= Beginning of Section =

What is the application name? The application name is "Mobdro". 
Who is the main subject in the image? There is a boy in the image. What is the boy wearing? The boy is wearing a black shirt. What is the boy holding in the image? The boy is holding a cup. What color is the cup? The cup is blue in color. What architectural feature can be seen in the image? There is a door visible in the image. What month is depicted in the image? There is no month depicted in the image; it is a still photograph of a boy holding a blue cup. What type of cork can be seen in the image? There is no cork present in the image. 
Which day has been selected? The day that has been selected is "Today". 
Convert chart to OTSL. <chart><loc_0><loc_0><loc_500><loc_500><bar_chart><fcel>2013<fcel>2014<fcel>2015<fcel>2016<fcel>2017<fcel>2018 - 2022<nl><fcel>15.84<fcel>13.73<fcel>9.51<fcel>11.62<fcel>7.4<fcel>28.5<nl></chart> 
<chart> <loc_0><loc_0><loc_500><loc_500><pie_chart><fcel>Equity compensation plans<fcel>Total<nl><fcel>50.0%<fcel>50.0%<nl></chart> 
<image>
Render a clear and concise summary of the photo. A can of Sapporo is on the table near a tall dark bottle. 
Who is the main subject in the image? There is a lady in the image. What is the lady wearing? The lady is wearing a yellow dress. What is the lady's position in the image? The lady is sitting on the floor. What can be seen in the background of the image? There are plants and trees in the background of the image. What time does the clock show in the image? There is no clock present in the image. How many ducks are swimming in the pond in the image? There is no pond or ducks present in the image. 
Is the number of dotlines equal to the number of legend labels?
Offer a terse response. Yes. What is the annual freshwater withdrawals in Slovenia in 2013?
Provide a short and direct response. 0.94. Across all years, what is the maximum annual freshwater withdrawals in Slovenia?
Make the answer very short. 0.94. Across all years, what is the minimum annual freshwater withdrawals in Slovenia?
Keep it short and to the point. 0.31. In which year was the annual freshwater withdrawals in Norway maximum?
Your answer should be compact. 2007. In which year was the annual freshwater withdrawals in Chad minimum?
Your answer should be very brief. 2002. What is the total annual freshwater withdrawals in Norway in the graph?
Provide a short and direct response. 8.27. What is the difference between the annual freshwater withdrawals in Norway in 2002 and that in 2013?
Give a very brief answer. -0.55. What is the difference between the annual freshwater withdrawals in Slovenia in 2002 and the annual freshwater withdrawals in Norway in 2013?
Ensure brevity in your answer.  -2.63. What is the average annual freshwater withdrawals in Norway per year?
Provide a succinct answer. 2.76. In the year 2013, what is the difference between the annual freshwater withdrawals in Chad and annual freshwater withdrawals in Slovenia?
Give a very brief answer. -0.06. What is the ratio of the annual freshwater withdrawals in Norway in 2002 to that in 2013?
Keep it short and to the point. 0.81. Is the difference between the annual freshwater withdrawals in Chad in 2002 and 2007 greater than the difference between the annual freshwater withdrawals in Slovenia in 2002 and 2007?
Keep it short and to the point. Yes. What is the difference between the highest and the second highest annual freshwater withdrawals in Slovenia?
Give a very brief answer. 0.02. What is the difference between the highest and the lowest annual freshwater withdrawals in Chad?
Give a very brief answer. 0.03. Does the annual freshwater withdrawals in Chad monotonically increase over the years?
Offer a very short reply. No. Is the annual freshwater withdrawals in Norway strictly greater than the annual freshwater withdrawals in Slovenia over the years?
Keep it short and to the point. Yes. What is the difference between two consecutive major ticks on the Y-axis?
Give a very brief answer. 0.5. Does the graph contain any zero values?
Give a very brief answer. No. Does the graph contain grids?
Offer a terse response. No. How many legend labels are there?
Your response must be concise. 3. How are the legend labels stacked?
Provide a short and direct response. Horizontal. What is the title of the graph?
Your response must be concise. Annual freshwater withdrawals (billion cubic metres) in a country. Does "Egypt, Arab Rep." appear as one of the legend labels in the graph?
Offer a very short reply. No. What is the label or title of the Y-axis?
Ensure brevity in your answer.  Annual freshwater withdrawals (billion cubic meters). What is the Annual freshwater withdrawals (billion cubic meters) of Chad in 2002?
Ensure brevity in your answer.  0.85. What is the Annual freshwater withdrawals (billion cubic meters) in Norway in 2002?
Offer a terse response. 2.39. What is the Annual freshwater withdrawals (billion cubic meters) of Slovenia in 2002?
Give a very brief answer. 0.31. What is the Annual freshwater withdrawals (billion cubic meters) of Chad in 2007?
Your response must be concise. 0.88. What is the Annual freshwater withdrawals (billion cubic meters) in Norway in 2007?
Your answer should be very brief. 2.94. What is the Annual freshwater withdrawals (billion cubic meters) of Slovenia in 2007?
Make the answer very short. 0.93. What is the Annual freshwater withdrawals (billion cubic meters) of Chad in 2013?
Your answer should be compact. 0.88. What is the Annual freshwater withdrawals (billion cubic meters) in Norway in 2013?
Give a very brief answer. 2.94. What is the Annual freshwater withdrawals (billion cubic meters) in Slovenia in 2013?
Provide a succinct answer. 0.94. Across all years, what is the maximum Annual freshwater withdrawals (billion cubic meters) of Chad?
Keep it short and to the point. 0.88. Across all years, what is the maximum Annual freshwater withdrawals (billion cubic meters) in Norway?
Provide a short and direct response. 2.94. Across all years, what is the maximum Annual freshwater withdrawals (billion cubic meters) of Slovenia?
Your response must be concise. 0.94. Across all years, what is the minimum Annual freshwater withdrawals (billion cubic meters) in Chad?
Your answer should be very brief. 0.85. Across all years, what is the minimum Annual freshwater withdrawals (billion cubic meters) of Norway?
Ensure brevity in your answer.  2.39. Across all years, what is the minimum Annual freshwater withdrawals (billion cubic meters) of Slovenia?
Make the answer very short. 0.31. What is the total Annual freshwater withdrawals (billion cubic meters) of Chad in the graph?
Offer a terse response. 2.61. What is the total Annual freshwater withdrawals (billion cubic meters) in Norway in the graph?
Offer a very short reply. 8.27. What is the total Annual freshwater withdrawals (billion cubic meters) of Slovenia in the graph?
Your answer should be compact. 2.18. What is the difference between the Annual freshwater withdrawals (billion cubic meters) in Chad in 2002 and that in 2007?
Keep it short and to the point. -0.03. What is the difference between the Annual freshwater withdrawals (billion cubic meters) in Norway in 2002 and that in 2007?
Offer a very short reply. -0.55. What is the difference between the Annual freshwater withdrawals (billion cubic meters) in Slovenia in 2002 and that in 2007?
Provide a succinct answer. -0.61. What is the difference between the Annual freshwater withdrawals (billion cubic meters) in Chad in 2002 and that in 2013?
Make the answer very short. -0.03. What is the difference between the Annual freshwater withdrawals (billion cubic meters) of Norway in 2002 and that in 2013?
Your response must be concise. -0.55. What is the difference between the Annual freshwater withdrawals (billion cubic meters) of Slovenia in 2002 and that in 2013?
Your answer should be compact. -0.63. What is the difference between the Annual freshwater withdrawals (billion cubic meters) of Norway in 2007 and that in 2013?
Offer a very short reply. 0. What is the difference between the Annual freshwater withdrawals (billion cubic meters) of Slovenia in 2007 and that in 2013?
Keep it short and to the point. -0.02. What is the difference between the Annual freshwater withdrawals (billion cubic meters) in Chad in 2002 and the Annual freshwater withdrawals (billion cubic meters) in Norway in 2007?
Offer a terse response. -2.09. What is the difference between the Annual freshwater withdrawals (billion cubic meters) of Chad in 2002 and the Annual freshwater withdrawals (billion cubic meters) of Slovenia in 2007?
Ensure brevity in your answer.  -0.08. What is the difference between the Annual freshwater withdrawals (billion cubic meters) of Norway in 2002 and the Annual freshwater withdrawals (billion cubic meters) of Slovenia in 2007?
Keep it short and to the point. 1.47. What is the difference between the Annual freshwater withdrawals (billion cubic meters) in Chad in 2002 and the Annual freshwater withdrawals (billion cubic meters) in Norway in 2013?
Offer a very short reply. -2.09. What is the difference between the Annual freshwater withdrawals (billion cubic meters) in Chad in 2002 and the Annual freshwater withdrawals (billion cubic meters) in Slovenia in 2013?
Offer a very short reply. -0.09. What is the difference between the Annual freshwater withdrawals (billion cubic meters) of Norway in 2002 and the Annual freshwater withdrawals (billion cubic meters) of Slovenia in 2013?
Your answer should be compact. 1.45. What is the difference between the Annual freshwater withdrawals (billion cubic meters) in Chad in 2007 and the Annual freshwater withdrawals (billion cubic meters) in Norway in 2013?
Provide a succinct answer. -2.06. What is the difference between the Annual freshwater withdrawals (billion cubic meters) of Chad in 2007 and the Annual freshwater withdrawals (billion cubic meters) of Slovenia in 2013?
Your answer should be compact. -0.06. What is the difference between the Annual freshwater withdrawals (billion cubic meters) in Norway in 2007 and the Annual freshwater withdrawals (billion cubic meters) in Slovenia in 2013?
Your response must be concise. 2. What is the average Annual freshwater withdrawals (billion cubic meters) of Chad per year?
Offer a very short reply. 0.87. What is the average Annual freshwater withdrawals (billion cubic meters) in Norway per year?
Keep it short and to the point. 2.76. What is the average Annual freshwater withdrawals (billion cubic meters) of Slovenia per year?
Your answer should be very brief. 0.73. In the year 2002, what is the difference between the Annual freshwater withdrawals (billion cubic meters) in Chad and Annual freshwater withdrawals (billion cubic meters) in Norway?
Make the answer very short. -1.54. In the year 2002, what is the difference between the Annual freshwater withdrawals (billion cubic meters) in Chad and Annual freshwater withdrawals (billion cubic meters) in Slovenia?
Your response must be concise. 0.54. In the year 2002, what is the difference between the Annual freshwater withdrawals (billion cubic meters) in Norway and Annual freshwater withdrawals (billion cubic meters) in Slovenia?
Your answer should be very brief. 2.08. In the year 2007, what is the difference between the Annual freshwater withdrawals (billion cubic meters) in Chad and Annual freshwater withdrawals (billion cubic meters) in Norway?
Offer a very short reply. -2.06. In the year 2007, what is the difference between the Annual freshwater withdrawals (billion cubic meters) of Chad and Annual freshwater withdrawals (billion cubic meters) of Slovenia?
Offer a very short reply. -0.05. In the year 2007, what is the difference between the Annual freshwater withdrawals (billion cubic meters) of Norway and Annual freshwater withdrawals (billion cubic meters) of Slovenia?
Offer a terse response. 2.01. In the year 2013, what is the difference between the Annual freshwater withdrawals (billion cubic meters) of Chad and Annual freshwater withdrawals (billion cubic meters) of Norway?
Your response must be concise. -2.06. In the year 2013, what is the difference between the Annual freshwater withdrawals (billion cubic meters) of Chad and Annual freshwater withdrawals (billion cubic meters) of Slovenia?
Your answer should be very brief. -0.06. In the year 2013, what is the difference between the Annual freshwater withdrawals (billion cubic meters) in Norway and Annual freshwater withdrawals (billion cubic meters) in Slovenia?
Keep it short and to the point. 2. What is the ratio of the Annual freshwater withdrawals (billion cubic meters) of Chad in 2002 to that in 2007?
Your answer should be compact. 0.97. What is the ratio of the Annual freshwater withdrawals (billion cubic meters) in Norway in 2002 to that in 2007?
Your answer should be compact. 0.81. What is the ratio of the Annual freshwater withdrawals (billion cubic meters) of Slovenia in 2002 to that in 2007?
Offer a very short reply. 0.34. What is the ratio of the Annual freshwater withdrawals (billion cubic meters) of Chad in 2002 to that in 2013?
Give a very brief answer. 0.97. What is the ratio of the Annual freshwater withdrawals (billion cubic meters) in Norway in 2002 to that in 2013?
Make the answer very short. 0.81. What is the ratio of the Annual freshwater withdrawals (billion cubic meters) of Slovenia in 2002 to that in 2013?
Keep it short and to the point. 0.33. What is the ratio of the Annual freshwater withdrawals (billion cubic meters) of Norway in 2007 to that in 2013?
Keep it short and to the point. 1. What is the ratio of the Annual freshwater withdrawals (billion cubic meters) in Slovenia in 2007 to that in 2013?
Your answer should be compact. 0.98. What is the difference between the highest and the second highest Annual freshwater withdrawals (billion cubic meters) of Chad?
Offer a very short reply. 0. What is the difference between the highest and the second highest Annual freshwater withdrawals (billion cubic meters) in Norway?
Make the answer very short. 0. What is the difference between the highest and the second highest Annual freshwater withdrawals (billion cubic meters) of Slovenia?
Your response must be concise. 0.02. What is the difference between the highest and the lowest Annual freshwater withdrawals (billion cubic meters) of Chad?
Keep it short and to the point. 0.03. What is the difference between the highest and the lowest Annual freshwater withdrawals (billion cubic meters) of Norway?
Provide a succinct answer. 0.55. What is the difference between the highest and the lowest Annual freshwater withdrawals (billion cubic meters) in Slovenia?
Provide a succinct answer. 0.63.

= End of Section =

_TASK DESCRIPTION_:
Using the data above, repeat exactly the lines that begin at the line with "Give a very brief answer. 0.97." and end at the line with "Keep it short and to the point. 0.33.", both ends included.

_TASK ANSWER_:
Give a very brief answer. 0.97. What is the ratio of the Annual freshwater withdrawals (billion cubic meters) in Norway in 2002 to that in 2013?
Make the answer very short. 0.81. What is the ratio of the Annual freshwater withdrawals (billion cubic meters) of Slovenia in 2002 to that in 2013?
Keep it short and to the point. 0.33. What is the ratio of the Annual freshwater withdrawals (billion cubic meters) of Norway in 2007 to that in 2013?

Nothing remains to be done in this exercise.